PL 4.1 Physiology and structure

 

About Steve Burden

Dr. Burden’s laboratory has made significant contributions to our current understanding of the signaling pathways for forming and maintaining neuromuscular synapse. His experiments led to the discovery of the neural signal, Agrin, a secreted, extracellular matrix protein that is necessary to form and stabilize neuromuscular synapses. His laboratory went on to identify Lrp4 as the muscle receptor for Agrin and to discover MuSK, the kinase that associates with Lrp4 and transduces the Agrin signal to stimulate postsynaptic differentiation. Further, his laboratory showed that Lrp4 acts bi-directionally, as Lrp4 not only serves as a muscle receptor for Agrin but also signals in a retrograde manner to motor neurons to control presynaptic differentiation. These studies have led to a good understanding of the signaling events that control synapse formation and provide a basis for understanding how dysfunction of this pathway causes neuromuscular disease and insights into the design of therapies to treat these diseases.
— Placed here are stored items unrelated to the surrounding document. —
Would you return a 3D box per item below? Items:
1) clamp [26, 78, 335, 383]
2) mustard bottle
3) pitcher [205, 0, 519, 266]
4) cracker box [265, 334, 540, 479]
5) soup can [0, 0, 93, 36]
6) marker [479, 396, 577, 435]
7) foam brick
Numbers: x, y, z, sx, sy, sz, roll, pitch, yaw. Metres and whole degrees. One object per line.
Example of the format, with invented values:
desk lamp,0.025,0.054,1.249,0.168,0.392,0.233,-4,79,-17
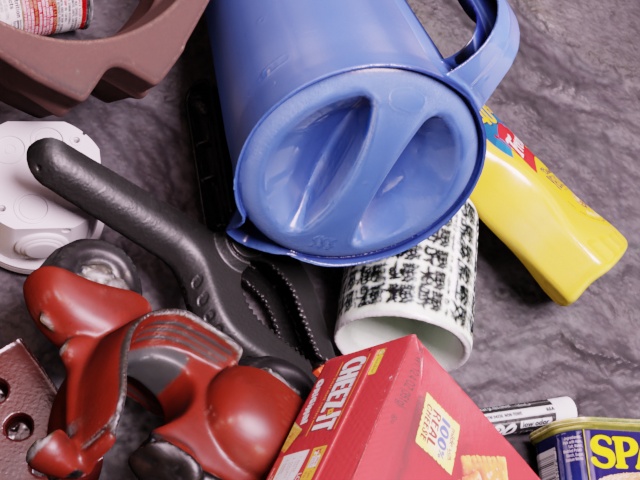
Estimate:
clamp,-0.054,0.001,0.615,0.210,0.036,0.164,51,35,-7
mustard bottle,0.110,-0.045,0.686,0.192,0.058,0.096,47,20,9
pitcher,0.005,-0.117,0.620,0.149,0.145,0.243,-4,44,-13
cracker box,0.060,0.177,0.501,0.213,0.072,0.164,48,45,-19
soup can,-0.197,-0.152,0.645,0.102,0.069,0.068,-17,71,-25
marker,0.098,0.110,0.640,0.121,0.020,0.020,-4,66,-20
foam brick,-0.154,0.101,0.540,0.052,0.051,0.078,-32,78,-29
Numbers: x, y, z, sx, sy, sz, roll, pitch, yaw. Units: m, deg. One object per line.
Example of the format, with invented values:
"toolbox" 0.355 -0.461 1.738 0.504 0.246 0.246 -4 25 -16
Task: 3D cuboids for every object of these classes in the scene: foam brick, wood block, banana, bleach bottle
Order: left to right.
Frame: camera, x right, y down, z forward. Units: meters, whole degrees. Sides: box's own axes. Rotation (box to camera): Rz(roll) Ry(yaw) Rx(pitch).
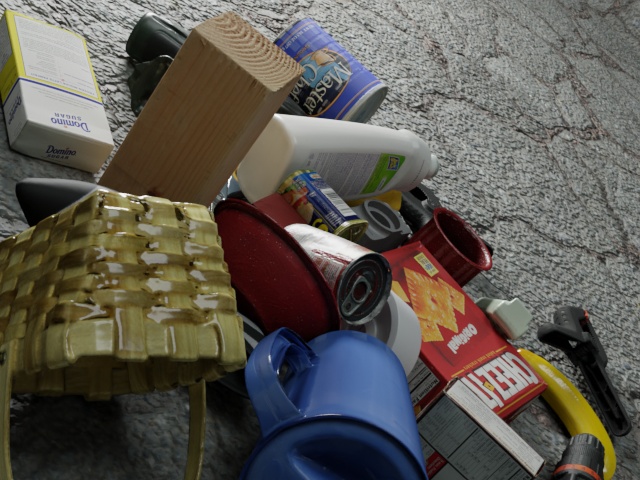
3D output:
"wood block" -0.116 -0.097 0.982 0.091 0.206 0.090 39 29 1
"foam brick" -0.057 0.001 1.045 0.053 0.078 0.051 45 28 10
"bleach bottle" 0.034 -0.082 1.187 0.250 0.103 0.068 1 42 -42
"banana" 0.280 0.199 1.191 0.069 0.037 0.198 17 35 -34

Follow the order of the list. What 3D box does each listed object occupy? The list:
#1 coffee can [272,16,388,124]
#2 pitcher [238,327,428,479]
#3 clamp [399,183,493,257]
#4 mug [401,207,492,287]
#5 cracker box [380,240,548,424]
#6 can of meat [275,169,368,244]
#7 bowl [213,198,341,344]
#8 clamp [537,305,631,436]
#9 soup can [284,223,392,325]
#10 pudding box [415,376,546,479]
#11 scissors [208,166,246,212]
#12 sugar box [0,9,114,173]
"coffee can" 0.003 -0.206 1.385 0.140 0.103 0.102 43 29 9
"pitcher" 0.010 0.144 0.815 0.145 0.149 0.242 12 13 0
"clamp" 0.133 -0.027 1.346 0.171 0.039 0.120 43 24 19
"mug" 0.143 0.024 1.232 0.117 0.082 0.093 9 43 -53
"cracker box" 0.116 0.106 1.099 0.214 0.072 0.163 49 29 17
"can of meat" -0.014 -0.010 1.087 0.084 0.102 0.057 48 29 20
"bowl" -0.058 0.043 0.948 0.162 0.162 0.055 45 65 11
"clamp" 0.326 0.143 1.311 0.164 0.036 0.209 54 20 -2
"soup can" 0.006 0.029 0.972 0.068 0.068 0.102 6 12 -45
"pudding box" 0.133 0.195 0.972 0.113 0.090 0.039 43 29 8
"scissors" -0.094 -0.041 1.127 0.096 0.016 0.202 20 34 -30
"sugar box" -0.267 -0.147 1.052 0.093 0.048 0.176 16 40 -36
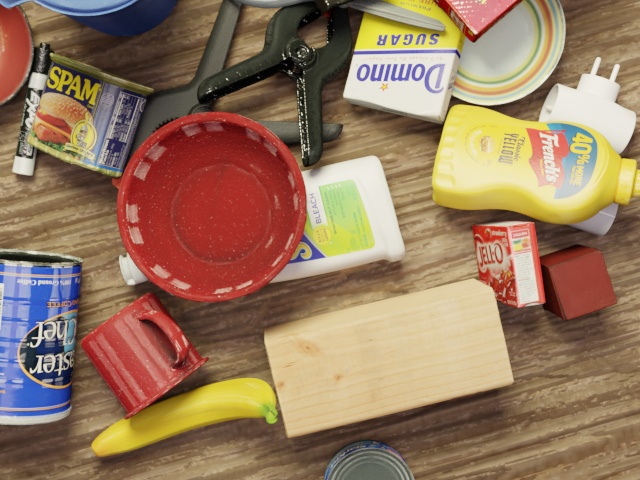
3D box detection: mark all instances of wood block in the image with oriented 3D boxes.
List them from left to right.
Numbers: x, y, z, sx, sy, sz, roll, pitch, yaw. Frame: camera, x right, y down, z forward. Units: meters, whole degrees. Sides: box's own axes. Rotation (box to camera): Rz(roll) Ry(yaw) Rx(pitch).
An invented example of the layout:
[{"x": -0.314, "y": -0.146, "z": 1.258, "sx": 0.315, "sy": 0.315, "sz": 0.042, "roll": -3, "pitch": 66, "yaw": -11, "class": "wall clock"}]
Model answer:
[{"x": 0.059, "y": 0.105, "z": 0.972, "sx": 0.206, "sy": 0.091, "sz": 0.090, "roll": -14, "pitch": 95, "yaw": -2, "class": "wood block"}]

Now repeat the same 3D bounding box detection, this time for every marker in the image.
[{"x": -0.261, "y": -0.120, "z": 0.973, "sx": 0.020, "sy": 0.020, "sz": 0.121, "roll": 11, "pitch": 94, "yaw": -4, "class": "marker"}]

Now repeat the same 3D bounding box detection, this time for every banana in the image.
[{"x": -0.116, "y": 0.157, "z": 0.972, "sx": 0.198, "sy": 0.069, "sz": 0.037, "roll": -17, "pitch": 94, "yaw": 24, "class": "banana"}]

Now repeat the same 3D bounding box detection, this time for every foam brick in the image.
[{"x": 0.232, "y": 0.037, "z": 0.983, "sx": 0.051, "sy": 0.078, "sz": 0.053, "roll": -18, "pitch": 95, "yaw": 0, "class": "foam brick"}]

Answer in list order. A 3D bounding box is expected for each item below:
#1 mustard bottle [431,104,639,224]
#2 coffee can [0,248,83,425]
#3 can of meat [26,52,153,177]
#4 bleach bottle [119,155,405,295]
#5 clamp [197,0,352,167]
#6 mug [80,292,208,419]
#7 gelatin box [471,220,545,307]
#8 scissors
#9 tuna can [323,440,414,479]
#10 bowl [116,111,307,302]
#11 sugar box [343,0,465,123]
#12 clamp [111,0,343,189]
[{"x": 0.201, "y": -0.063, "z": 0.950, "sx": 0.192, "sy": 0.058, "sz": 0.096, "roll": 11, "pitch": 61, "yaw": 13, "class": "mustard bottle"}, {"x": -0.268, "y": 0.083, "z": 0.947, "sx": 0.102, "sy": 0.103, "sz": 0.140, "roll": 5, "pitch": 94, "yaw": -4, "class": "coffee can"}, {"x": -0.205, "y": -0.110, "z": 0.942, "sx": 0.102, "sy": 0.057, "sz": 0.084, "roll": 24, "pitch": 98, "yaw": 35, "class": "can of meat"}, {"x": -0.056, "y": 0.001, "z": 0.973, "sx": 0.251, "sy": 0.068, "sz": 0.102, "roll": -16, "pitch": 93, "yaw": 0, "class": "bleach bottle"}, {"x": -0.015, "y": -0.149, "z": 0.945, "sx": 0.120, "sy": 0.039, "sz": 0.171, "roll": 41, "pitch": 69, "yaw": -7, "class": "clamp"}, {"x": -0.155, "y": 0.097, "z": 0.952, "sx": 0.093, "sy": 0.117, "sz": 0.081, "roll": -36, "pitch": 91, "yaw": -36, "class": "mug"}, {"x": 0.169, "y": 0.020, "z": 0.972, "sx": 0.030, "sy": 0.089, "sz": 0.073, "roll": -9, "pitch": 94, "yaw": -12, "class": "gelatin box"}, {"x": 0.013, "y": -0.234, "z": 0.952, "sx": 0.202, "sy": 0.016, "sz": 0.096, "roll": 6, "pitch": 62, "yaw": 2, "class": "scissors"}, {"x": 0.046, "y": 0.234, "z": 1.009, "sx": 0.086, "sy": 0.034, "sz": 0.086, "roll": 0, "pitch": 94, "yaw": -3, "class": "tuna can"}, {"x": -0.090, "y": -0.026, "z": 0.916, "sx": 0.162, "sy": 0.055, "sz": 0.162, "roll": 0, "pitch": 84, "yaw": 4, "class": "bowl"}, {"x": 0.087, "y": -0.202, "z": 0.964, "sx": 0.093, "sy": 0.048, "sz": 0.176, "roll": 14, "pitch": 91, "yaw": 13, "class": "sugar box"}, {"x": -0.106, "y": -0.120, "z": 0.973, "sx": 0.210, "sy": 0.036, "sz": 0.164, "roll": -29, "pitch": 94, "yaw": -4, "class": "clamp"}]
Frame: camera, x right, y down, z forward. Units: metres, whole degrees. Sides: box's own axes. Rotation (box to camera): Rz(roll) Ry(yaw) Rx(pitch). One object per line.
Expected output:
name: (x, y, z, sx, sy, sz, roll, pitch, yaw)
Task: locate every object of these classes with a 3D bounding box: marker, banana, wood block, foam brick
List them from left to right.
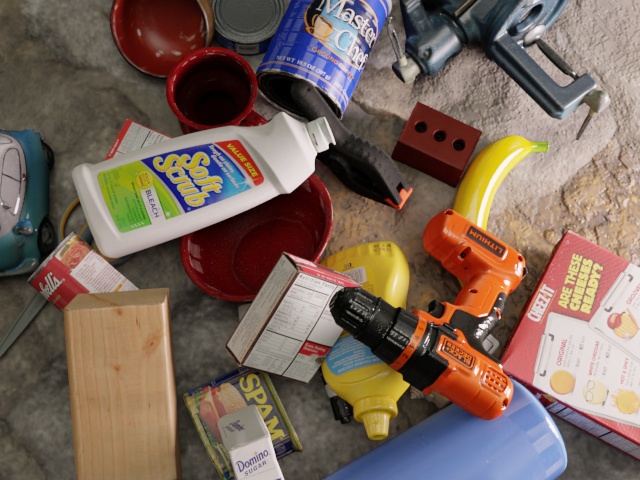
wood block: (-0.179, 0.155, 0.983, 0.090, 0.091, 0.206, -4, 96, -4)
marker: (0.006, 0.126, 1.072, 0.020, 0.020, 0.121, -17, 75, -7)
foam brick: (0.122, -0.101, 1.128, 0.078, 0.051, 0.053, 25, 74, 5)
banana: (0.175, -0.039, 1.119, 0.069, 0.037, 0.197, 26, 74, 7)

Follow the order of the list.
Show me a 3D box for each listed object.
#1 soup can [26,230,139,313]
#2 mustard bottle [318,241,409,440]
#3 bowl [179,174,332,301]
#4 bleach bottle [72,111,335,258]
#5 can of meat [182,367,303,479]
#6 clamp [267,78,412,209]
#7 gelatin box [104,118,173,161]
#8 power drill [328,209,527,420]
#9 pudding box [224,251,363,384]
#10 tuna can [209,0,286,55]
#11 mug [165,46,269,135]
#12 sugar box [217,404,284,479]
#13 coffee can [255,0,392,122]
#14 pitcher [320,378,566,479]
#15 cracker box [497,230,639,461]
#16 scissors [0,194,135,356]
soup can: (-0.227, 0.049, 1.049, 0.102, 0.069, 0.068, 42, 76, -7)
mustard bottle: (0.046, 0.099, 1.032, 0.096, 0.058, 0.191, -18, 56, 21)
bowl: (-0.057, 0.001, 1.071, 0.162, 0.055, 0.162, -10, 56, 15)
bleach bottle: (-0.110, -0.070, 1.051, 0.251, 0.068, 0.102, -21, 85, 6)
can of meat: (-0.076, 0.176, 1.036, 0.084, 0.057, 0.102, -25, 76, -7)
clamp: (0.016, -0.092, 1.109, 0.171, 0.120, 0.039, 43, 72, -11)
gelatin box: (-0.179, -0.076, 1.121, 0.089, 0.030, 0.073, 23, 72, 5)
power drill: (0.110, 0.057, 0.997, 0.184, 0.057, 0.187, 34, 47, -6)
pudding box: (-0.023, 0.074, 1.001, 0.113, 0.089, 0.039, -59, 39, 12)
tuna can: (-0.080, -0.248, 1.173, 0.086, 0.034, 0.086, 1, 73, -2)
mug: (-0.100, -0.136, 1.113, 0.117, 0.081, 0.093, 28, 75, 8)
sugar box: (-0.046, 0.246, 0.962, 0.048, 0.093, 0.176, -21, 101, -8)
coffee can: (0.003, -0.208, 1.129, 0.103, 0.103, 0.140, 23, 74, 4)
pitcher: (0.110, 0.236, 0.984, 0.242, 0.145, 0.149, -31, 76, -14)
cracker box: (0.300, 0.115, 1.061, 0.214, 0.072, 0.164, 28, 73, 7)
scissors: (-0.252, 0.043, 1.089, 0.096, 0.016, 0.201, 19, 74, 3)
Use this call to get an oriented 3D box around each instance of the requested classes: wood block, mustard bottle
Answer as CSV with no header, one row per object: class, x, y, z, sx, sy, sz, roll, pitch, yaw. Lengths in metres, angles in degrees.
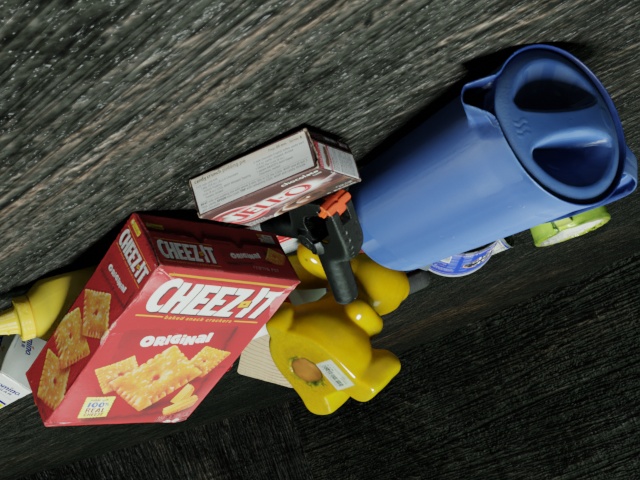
wood block,-0.039,0.132,1.443,0.090,0.091,0.206,14,-177,8
mustard bottle,-0.212,0.055,1.010,0.191,0.058,0.096,-15,162,-23

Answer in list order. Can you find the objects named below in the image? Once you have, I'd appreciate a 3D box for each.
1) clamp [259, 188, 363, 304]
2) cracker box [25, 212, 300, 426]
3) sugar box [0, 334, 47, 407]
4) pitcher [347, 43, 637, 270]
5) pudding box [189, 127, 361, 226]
clamp,-0.008,-0.011,0.977,0.039,0.120,0.171,-50,166,-24
cracker box,-0.144,0.080,0.971,0.163,0.072,0.214,8,131,-45
sugar box,-0.343,0.134,1.079,0.177,0.093,0.048,-31,123,35
pitcher,0.136,-0.052,0.909,0.144,0.149,0.243,-34,-178,-36
pudding box,-0.036,-0.049,0.866,0.114,0.039,0.090,-24,168,21
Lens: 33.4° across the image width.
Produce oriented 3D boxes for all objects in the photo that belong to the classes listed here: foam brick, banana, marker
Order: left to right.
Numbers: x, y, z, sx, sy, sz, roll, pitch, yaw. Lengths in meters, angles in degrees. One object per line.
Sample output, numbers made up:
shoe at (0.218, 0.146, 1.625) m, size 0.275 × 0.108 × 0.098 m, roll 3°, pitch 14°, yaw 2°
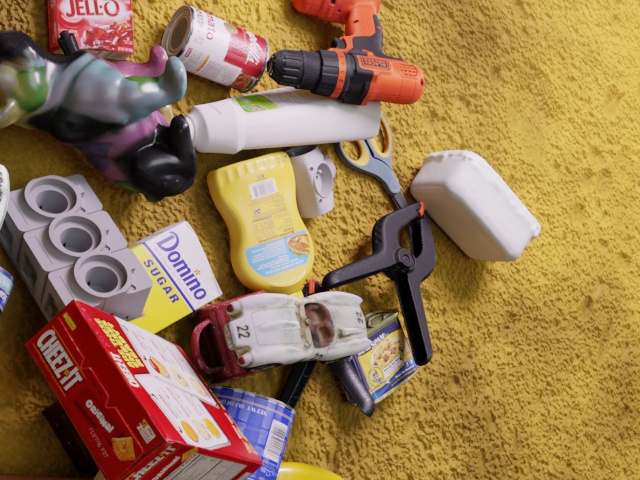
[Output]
marker at (-0.241, -0.161, 1.103) m, size 0.020 × 0.020 × 0.121 m, roll -41°, pitch 125°, yaw -33°
foam brick at (-0.230, 0.189, 1.066) m, size 0.051 × 0.053 × 0.078 m, roll -36°, pitch 104°, yaw -34°
banana at (-0.003, 0.296, 1.226) m, size 0.197 × 0.037 × 0.069 m, roll 38°, pitch 62°, yaw -27°

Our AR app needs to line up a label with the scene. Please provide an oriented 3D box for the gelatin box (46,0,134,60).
gelatin box at (-0.243, -0.232, 1.125) m, size 0.089 × 0.030 × 0.073 m, roll -1°, pitch 84°, yaw -36°

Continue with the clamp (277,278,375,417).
clamp at (-0.009, 0.132, 1.224) m, size 0.039 × 0.120 × 0.171 m, roll 49°, pitch 27°, yaw -65°

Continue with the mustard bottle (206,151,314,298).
mustard bottle at (-0.058, 0.002, 1.211) m, size 0.096 × 0.058 × 0.191 m, roll -18°, pitch 95°, yaw -27°

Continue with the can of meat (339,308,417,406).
can of meat at (0.063, 0.141, 1.284) m, size 0.101 × 0.058 × 0.084 m, roll -29°, pitch 103°, yaw -35°

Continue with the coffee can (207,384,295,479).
coffee can at (-0.093, 0.235, 1.128) m, size 0.102 × 0.103 × 0.140 m, roll 27°, pitch 69°, yaw -31°

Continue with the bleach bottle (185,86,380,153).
bleach bottle at (-0.058, -0.139, 1.217) m, size 0.250 × 0.103 × 0.068 m, roll -11°, pitch 115°, yaw -30°

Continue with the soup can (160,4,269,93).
soup can at (-0.118, -0.213, 1.190) m, size 0.102 × 0.069 × 0.068 m, roll 18°, pitch 74°, yaw -34°

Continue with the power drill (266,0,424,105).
power drill at (0.017, -0.233, 1.240) m, size 0.184 × 0.057 × 0.187 m, roll 6°, pitch 47°, yaw -20°

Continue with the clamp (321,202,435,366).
clamp at (0.084, 0.027, 1.278) m, size 0.164 × 0.036 × 0.210 m, roll 34°, pitch 49°, yaw -22°

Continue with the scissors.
scissors at (0.074, -0.070, 1.344) m, size 0.096 × 0.016 × 0.202 m, roll -19°, pitch 96°, yaw -35°

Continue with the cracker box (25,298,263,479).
cracker box at (-0.160, 0.157, 1.000) m, size 0.072 × 0.164 × 0.213 m, roll -42°, pitch 155°, yaw 4°

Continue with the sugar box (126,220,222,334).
sugar box at (-0.194, 0.055, 1.114) m, size 0.175 × 0.048 × 0.093 m, roll -30°, pitch 102°, yaw -34°

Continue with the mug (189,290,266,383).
mug at (-0.094, 0.106, 1.152) m, size 0.117 × 0.093 × 0.081 m, roll -16°, pitch 89°, yaw -43°
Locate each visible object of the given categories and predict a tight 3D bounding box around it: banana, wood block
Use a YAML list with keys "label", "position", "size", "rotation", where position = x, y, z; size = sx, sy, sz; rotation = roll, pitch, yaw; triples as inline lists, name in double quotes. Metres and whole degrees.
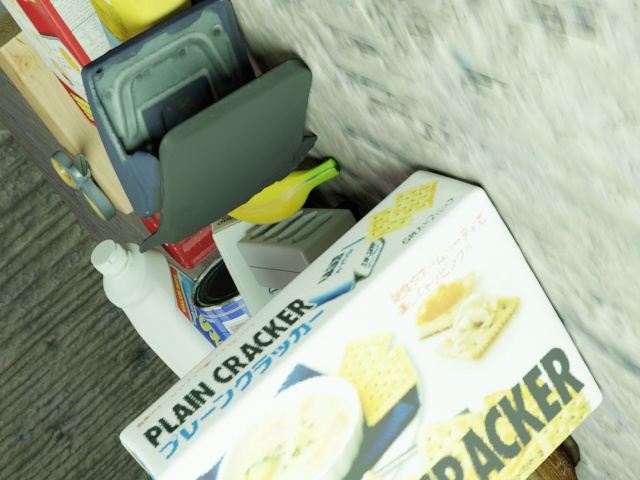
- label: "banana"
  position: [-0.060, -0.054, 0.769]
  size: [0.198, 0.069, 0.037]
  rotation: [33, 157, 50]
- label: "wood block"
  position: [-0.228, -0.138, 1.046]
  size: [0.090, 0.090, 0.206]
  rotation: [30, 158, 55]

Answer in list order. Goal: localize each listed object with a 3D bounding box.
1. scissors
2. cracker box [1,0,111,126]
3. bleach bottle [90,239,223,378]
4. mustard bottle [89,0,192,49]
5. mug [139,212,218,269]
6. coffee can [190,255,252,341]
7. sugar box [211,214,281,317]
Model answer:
- label: "scissors"
  position: [-0.219, -0.051, 1.026]
  size: [0.096, 0.016, 0.202]
  rotation: [52, 166, -20]
- label: "cracker box"
  position: [-0.186, -0.168, 0.864]
  size: [0.164, 0.072, 0.213]
  rotation: [35, 163, 48]
- label: "bleach bottle"
  position: [-0.137, 0.086, 1.057]
  size: [0.250, 0.068, 0.102]
  rotation: [47, -153, -42]
- label: "mustard bottle"
  position: [-0.117, -0.150, 0.709]
  size: [0.096, 0.058, 0.191]
  rotation: [43, 166, 19]
- label: "mug"
  position: [-0.128, -0.033, 1.036]
  size: [0.093, 0.081, 0.117]
  rotation: [40, 165, 37]
- label: "coffee can"
  position: [-0.046, 0.081, 1.045]
  size: [0.140, 0.102, 0.103]
  rotation: [55, 166, -25]
- label: "sugar box"
  position: [-0.055, 0.001, 0.847]
  size: [0.176, 0.048, 0.093]
  rotation: [-126, 11, -70]
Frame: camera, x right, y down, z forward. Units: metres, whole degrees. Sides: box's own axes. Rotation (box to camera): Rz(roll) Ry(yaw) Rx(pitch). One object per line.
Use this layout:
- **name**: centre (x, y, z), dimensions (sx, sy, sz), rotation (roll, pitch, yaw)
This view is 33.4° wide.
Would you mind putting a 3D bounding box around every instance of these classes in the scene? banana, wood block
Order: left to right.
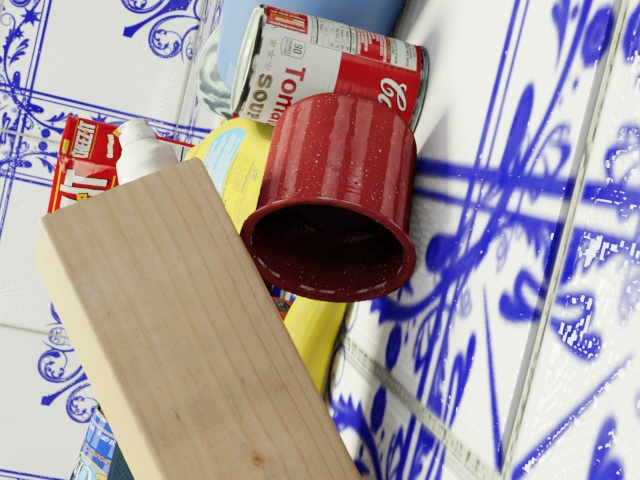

Dr. Burden was a Sloan Foundation Fellow, a McKnight Foundation Scholar, the Thomas and Virginia Cabot Professor at MIT, a two-time Jacob Javits Neuroscience Investigator Award recipient from NIH and a Fellow of the AAAS. Dr. Burden received a B.A. in Molecular Biology and a Ph.D. in Neuroscience from the University of Wisconsin in Madison. He was a faculty member at Harvard Medical School from 1980 to 1984 and a faculty member at M.I.T from 1984 to 1995, when he joined the Skirball Institute as a Professor and Coordinator for the Molecular Neurobiology Program.

Kinji Ohno
Nagoya University Graduate School of Medicine

PL 4.2 Congenital Myasthenic Syndromes – New Genes and Better Treatments / Antibodies

 

About Kinji Ohno

Kinji Ohno obtained his medical degree from Nagoya University School of Medicine in 1983. After five-year training in Neurology, he took a PhD course at the Department of Biochemistry of Nagoya University Graduate School of Medicine. He studied genetics and biochemistry of mitochondrial diseases from 1988 to 1993. In 1993, he moved to Professor Andrew Engel’s laboratory at Mayo Clinic, Minnesota, USA, and worked on molecular mechanisms of congenital myasthenic syndromes (CMS) up to 2004. In 2004, he had his own laboratory in Nagoya University Graduate School of Medicine. He is dissecting novel pathomechanisms of CMS, and is identifying novel molecules that are essential for formation of the neuromuscular junction. He expanded his research interest to physiology and pathology of RNA metabolisms. He is developing unique web tools to predict the splicing effect of exonic and intronic mutations, and is also identifying molecular mechanisms of physiological and pathological RNA splicing.

Angela Vincent
University of Oxford

PL 4.3 Autoimmunity

 

About Angela Vincent

Angela Vincent MB BS FRCPath FMedSci qualified in London, worked as a doctor for one year, but then went on to do an MSc in Biochemistry at University College and did not pursue further clinical training.  She joined the laboratory of Ricardo Miledi FRS at UCL to study acetylcholine receptors in myasthenia, and then joined John Newsom-Davis (later FRS) at the Royal Free Hospital where they established a research group.  The group moved to Oxford in 1988 when John was appointed to the Chair of Neurology, and she led the research group from 1998 when he retired. From 1992 until 2016 she was an Honorary Consultant in Immunology and led the Oxford Neuroimmunology Service for detection of autoantibodies in neurological diseases. Her clinical interests are in the role of auto-antibodies to ion channels and receptors in peripheral and CNS disorders, and in helping to diagnose immunotherapy-responsive conditions.  Her research interests include models of neuromuscular junction and autoimmune CNS diseases, and the influence of maternal antibodies on neurodevelopment.  She is now Emeritus Professor of Neuroimmunology in the Nuffield Department of Clinical Neurosciences.  She was elected Fellow of the Royal Society of London in 2011.